A large number of compounds have been
investigated for protective action by different
workers but these protectors are highly toxic at
their effective dose levels (Prakash et al., 1988a;
Agarwal, 2010; Aslam and Aslam, 1979; Dave et
al., 1973; Pandey et al., 1994; Purohit et al., 2002;
Purohit et al., 2008; and Purohit, 2007).

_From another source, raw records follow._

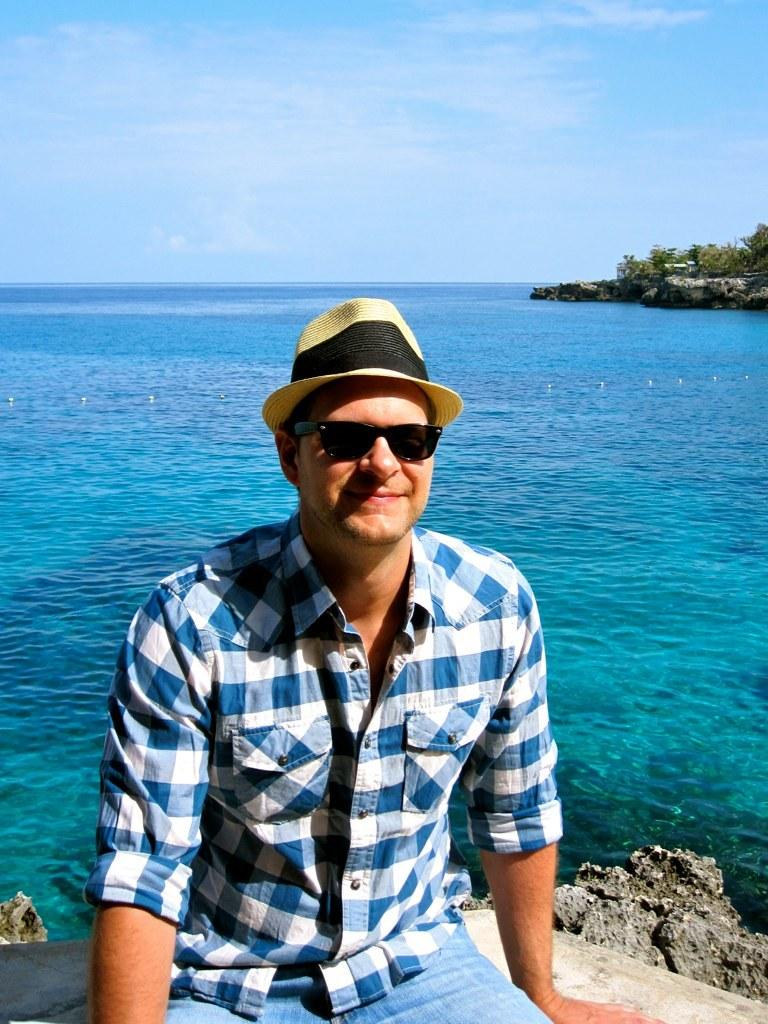What can be seen in the image? There is a person in the image. What is the person wearing? The person is wearing goggles and a hat. What is the person's facial expression? The person is smiling. What is the person's position in the image? The person is sitting on a surface. What can be seen in the background of the image? There is a wall, trees, rocks, water, and the sky visible in the background. What type of insect is the person holding in the image? There is no insect present in the image. 
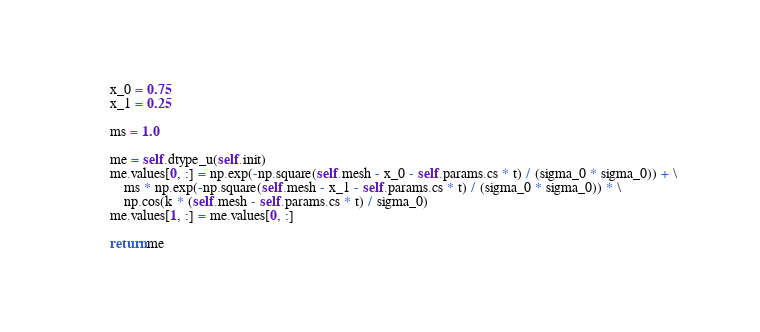<code> <loc_0><loc_0><loc_500><loc_500><_Python_>        x_0 = 0.75
        x_1 = 0.25

        ms = 1.0

        me = self.dtype_u(self.init)
        me.values[0, :] = np.exp(-np.square(self.mesh - x_0 - self.params.cs * t) / (sigma_0 * sigma_0)) + \
            ms * np.exp(-np.square(self.mesh - x_1 - self.params.cs * t) / (sigma_0 * sigma_0)) * \
            np.cos(k * (self.mesh - self.params.cs * t) / sigma_0)
        me.values[1, :] = me.values[0, :]

        return me
</code> 
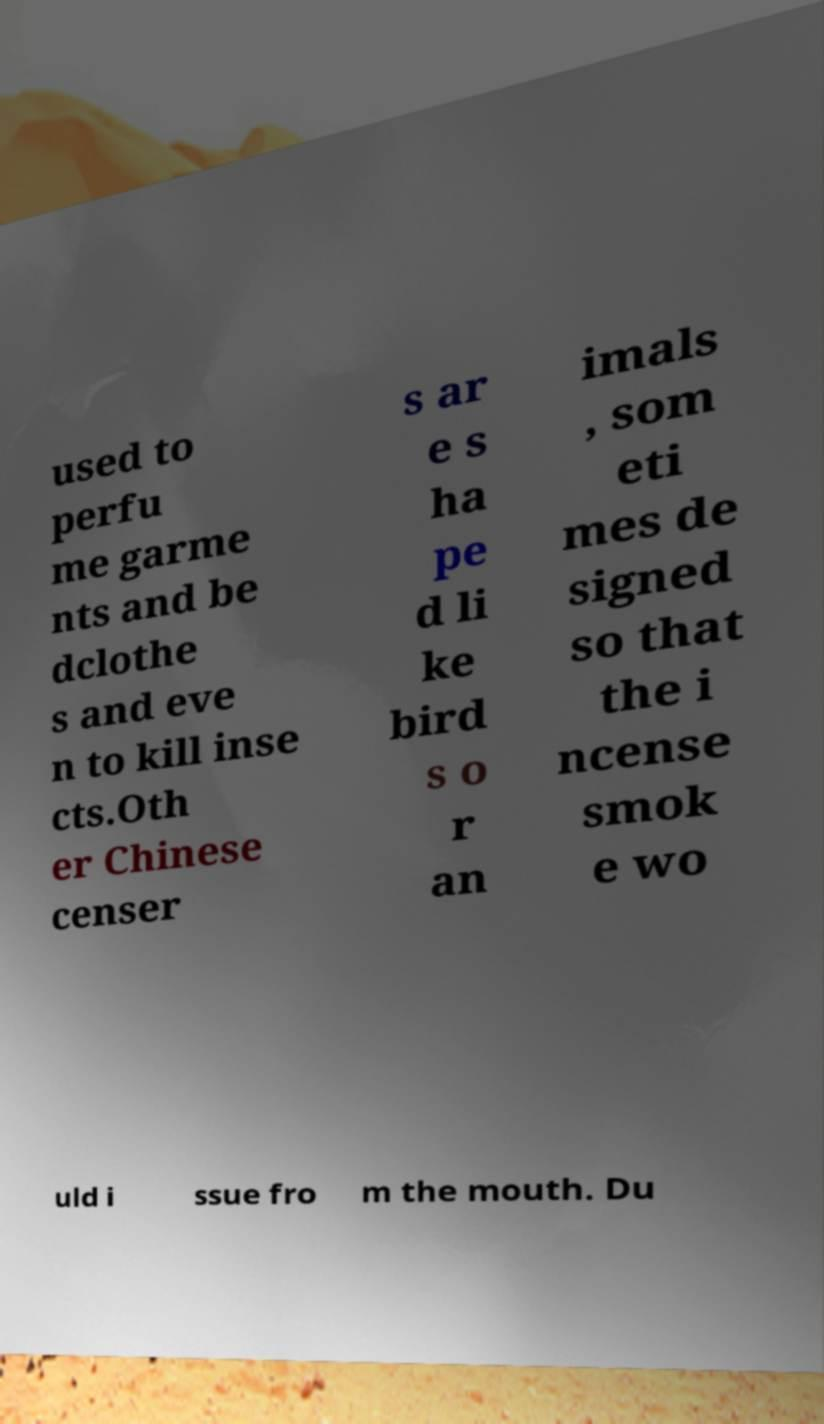Can you read and provide the text displayed in the image?This photo seems to have some interesting text. Can you extract and type it out for me? used to perfu me garme nts and be dclothe s and eve n to kill inse cts.Oth er Chinese censer s ar e s ha pe d li ke bird s o r an imals , som eti mes de signed so that the i ncense smok e wo uld i ssue fro m the mouth. Du 
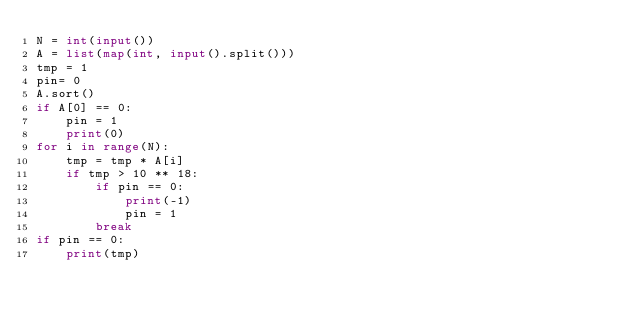<code> <loc_0><loc_0><loc_500><loc_500><_Python_>N = int(input())
A = list(map(int, input().split()))
tmp = 1
pin= 0
A.sort()
if A[0] == 0:
    pin = 1
    print(0)
for i in range(N):
    tmp = tmp * A[i]
    if tmp > 10 ** 18:
        if pin == 0:
            print(-1)
            pin = 1
        break
if pin == 0:
    print(tmp)</code> 
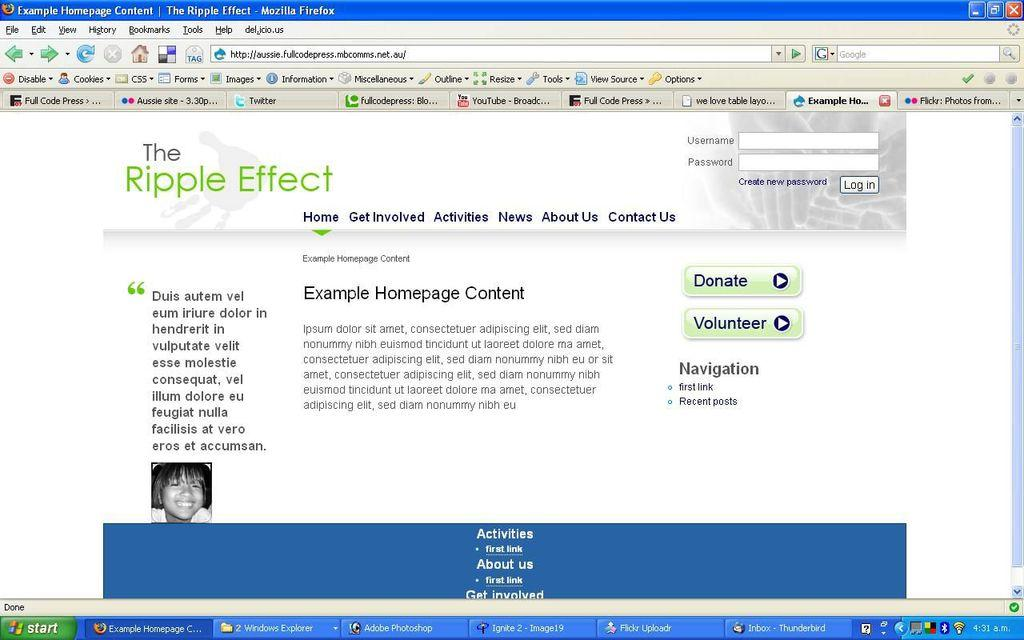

Liv.52 is a herbal drug containing constituents
from plants that are described in Ayurvedic
literature. The herbal preparation is available in
the form of drops, syrup and tablets and is
prescribed in hospitals in India for the treatment
of various types of liver dysfunctions. Secondly,
it is claimed to be completely non -toxic even at
higher dose levels. It is also being used as
detoxicating agent (Aslam and Aslam, 1979).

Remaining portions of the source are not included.